Are you sure 418.87 is the correct driver? When I look at the Nvidia drivers page, the oldest 20XX driver I can see is 430.34
"Added support for the following GPUs:
GeForce RTX 2060 SUPER
GeForce RTX 2070 SUPER
GeForce RTX 2080 SUPER"
You might want to check this link, to get the correct driver to suit the Cuda toolkit you’re using.
Thanks, @rs277. Yes, was wondering about that. I have CUDA 10.1 and thus 418.87 should be sufficient (barely) in general, but I don’t know if that’s sufficient for the RTX 2080. I’m a little unclear as to how best to upgrade the driver to 430/440 given that I can’t boot the machine with the RTX 2080 installed, except to recovery mode.
I’m unfamiliar with Ubuntu, but the drivers can be installed from the command line, so I’d have thought that could be done in recovery mode.
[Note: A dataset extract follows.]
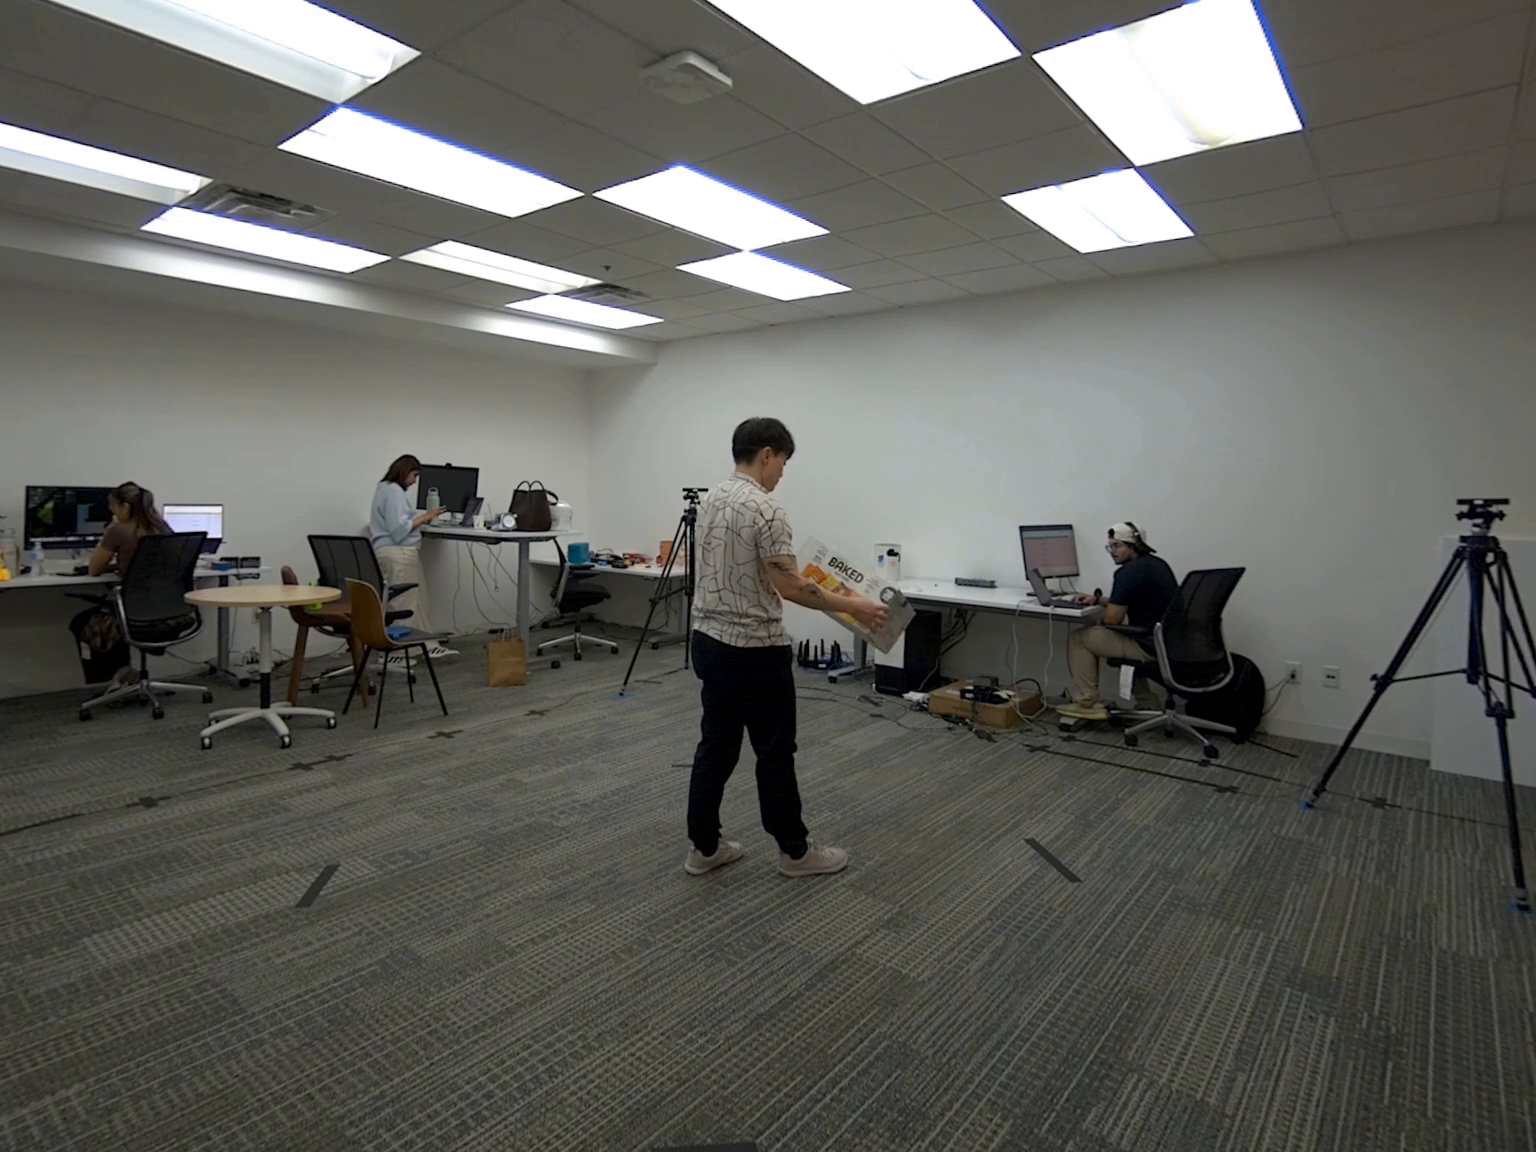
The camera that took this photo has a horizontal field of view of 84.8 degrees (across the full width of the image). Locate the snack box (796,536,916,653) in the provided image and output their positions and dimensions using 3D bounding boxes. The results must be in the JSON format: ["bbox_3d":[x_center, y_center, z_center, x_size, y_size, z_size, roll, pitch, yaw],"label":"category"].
[{"bbox_3d":[0.306,0.074,3.255,0.420,0.206,0.328,34,-4,28],"label":"snack box"}]

To get the repo driver + cuda 10.1, remove any cuda and nvidia packages
sudo apt remove *nvidia* cuda*
Afterwards, install the repo driver
sudo apt install nvidia-driver-440
Then download the cuda package, follow the install instructions on the download page but don’t do the last step, installing ‘cuda’ since this would overwrite the repo driver. Instead, run
sudo apt install cuda-toolkit-10-1
to install just the toolkit.
@generix, I followed your advice, but on the last step. I get this:
mroos@synapse:Downloads$ sudo apt install cuda-toolkit-10-1
Reading package lists... Done
Building dependency tree
Reading state information... Done
Package cuda-toolkit-10-1 is not available, but is referred to by another package.
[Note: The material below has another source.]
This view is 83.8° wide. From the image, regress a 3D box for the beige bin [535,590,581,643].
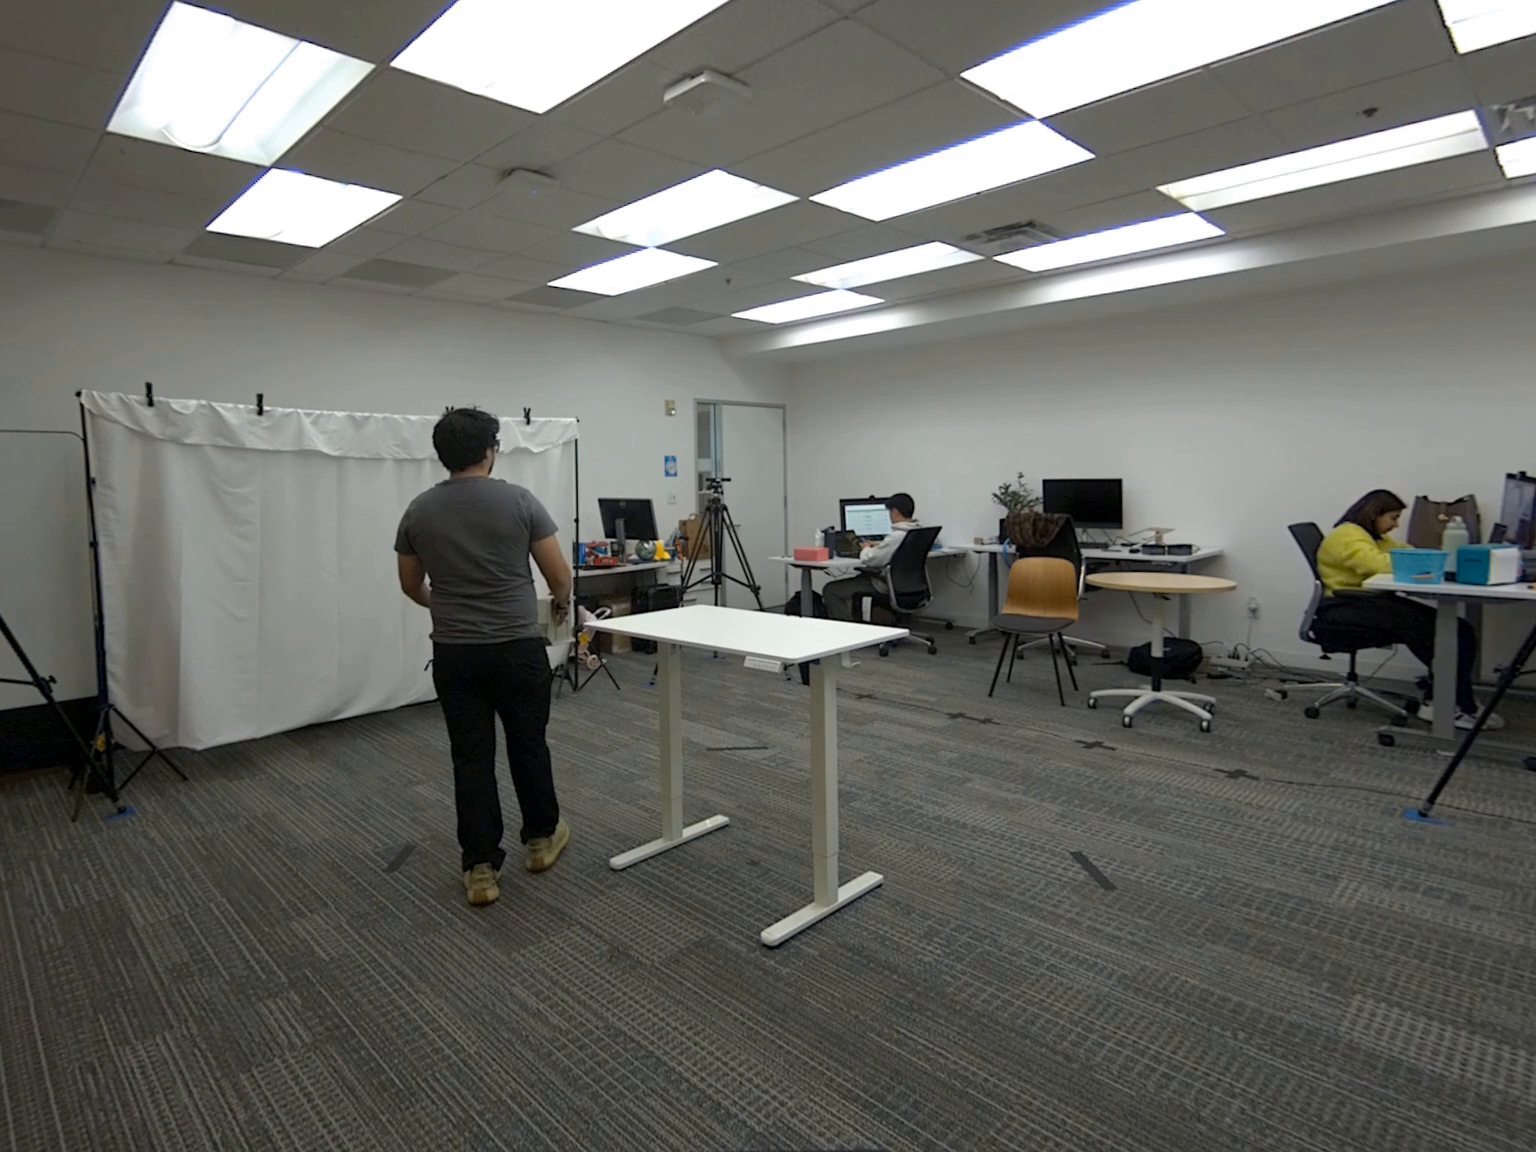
[{"bbox_3d":[-0.993,0.169,3.324,0.424,0.190,0.373,-4,-4,5],"label":"beige bin"}]

This may mean that the package is missing, has been obsoleted, or
is only available from another source
E: Package 'cuda-toolkit-10-1' has no installation candidate
Where can I find the package?
I did a more thorough removal of all things nvidia and cuda, via this sequence of commands:
Then repeated @generix install suggestion above. Everything is working now.